El punto de encuentro me quedaba bastante cerca del hotel y podía llegar caminando. Ya me habían contado que era un lugar muy tuanis y muy de vanguardia. Era administrado por Beatriz Alcaine ―un personaje referente de la cultura salvadoreña― y allí se llevaban a cabo presentaciones de libros, conciertos y todo tipo de actividades culturales. También me habían contado que el lugar había sido demandado por vecinos conservadores, así que de una vez aprovecharía para patentizar mi apoyo.
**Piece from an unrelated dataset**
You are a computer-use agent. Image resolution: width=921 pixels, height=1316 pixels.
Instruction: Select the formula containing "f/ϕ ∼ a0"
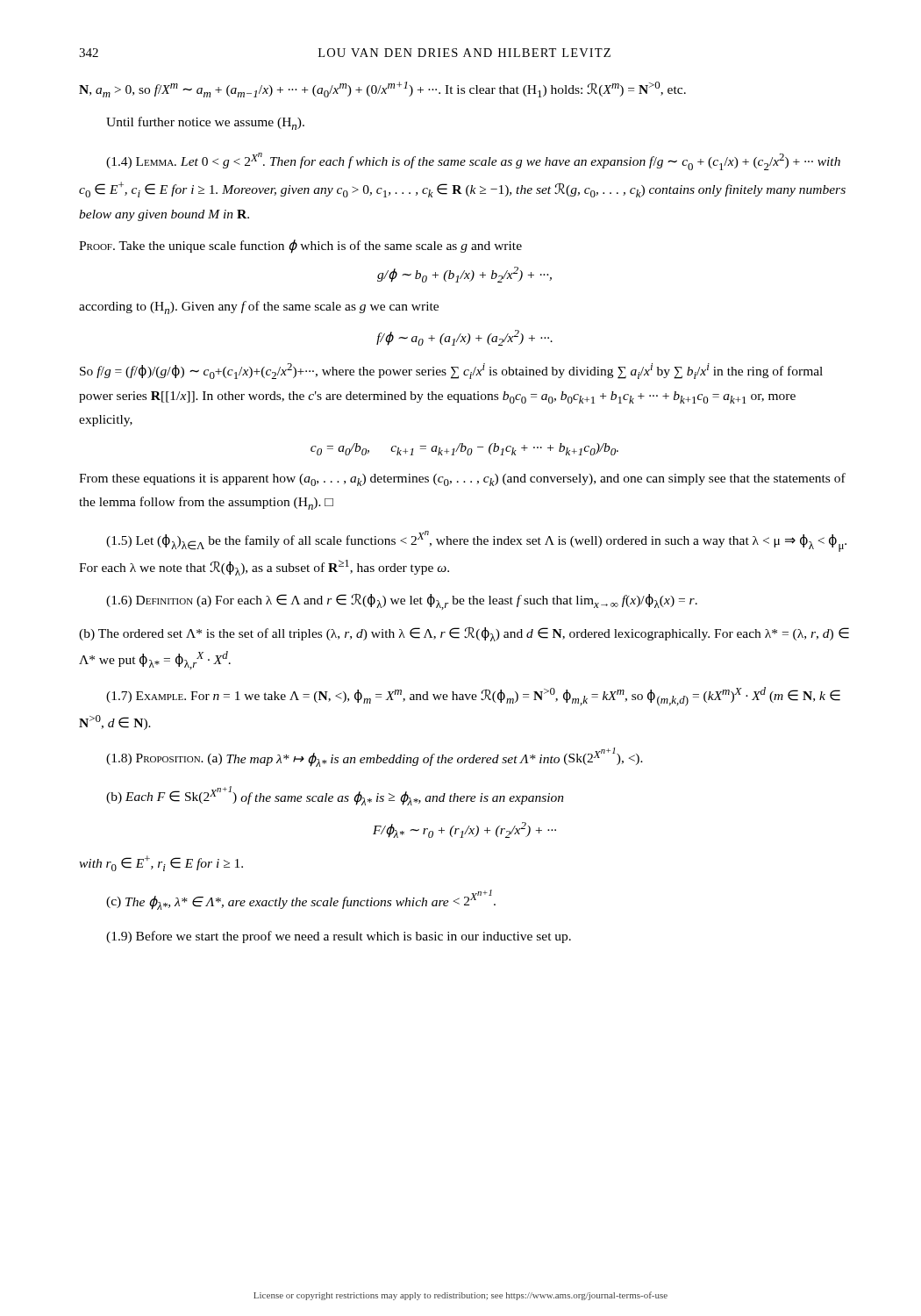[465, 337]

Salí del hotel parsimoniosamente. Faltaban quince para las 8. Llegué al lugar, el cual me alucinó por toda su estética y por el Maximón que lo bendecía a uno en la entrada. Cuando ingresé en una gran pantalla se reproducía un concierto de Peter Gabriel. Me senté y pedí un whisky, y cuando iba a tomar el tercero, sentí una palmada en la espalda. Era el colocho de anteojos que me recibió en el semanario. «Aquí están tus libros firmados, vos. Por cierto, me gustaron tus cuentos. Cortos, sobrios. Salú’ pue’». Pensé que él era un personaje más de Horacio Castellanos Moya y de su boca escuché opiniones sobre cada uno de mis cuentos; sí: uno por uno. Nunca ningún escritor, y ni siquiera un amigo, había leído mi libro el mismo día y me lo detallaba con opiniones. Solo por eso ―más las Regias, por supuesto― había valido la pena mi viaje a San Salvador; además de mi alegría de compartir con Horacio, pues no tardé mucho darme cuenta que el colocho de anteojos que me recibió en el Primera Plana y que ahora tenía enfrente en el café La luna era él. Nos tomamos un par de botellas y vimos completo el concierto de Peter Gabriel. Me presentó a Beatriz. La noche se transformó en…
Mi segundo libro de cuentos, Manual para desaparecer, fue publicado en El Salvador gracias a la intervención de Castellanos Moya. Salió a luz en 1997 por la Editorial Arcoíris.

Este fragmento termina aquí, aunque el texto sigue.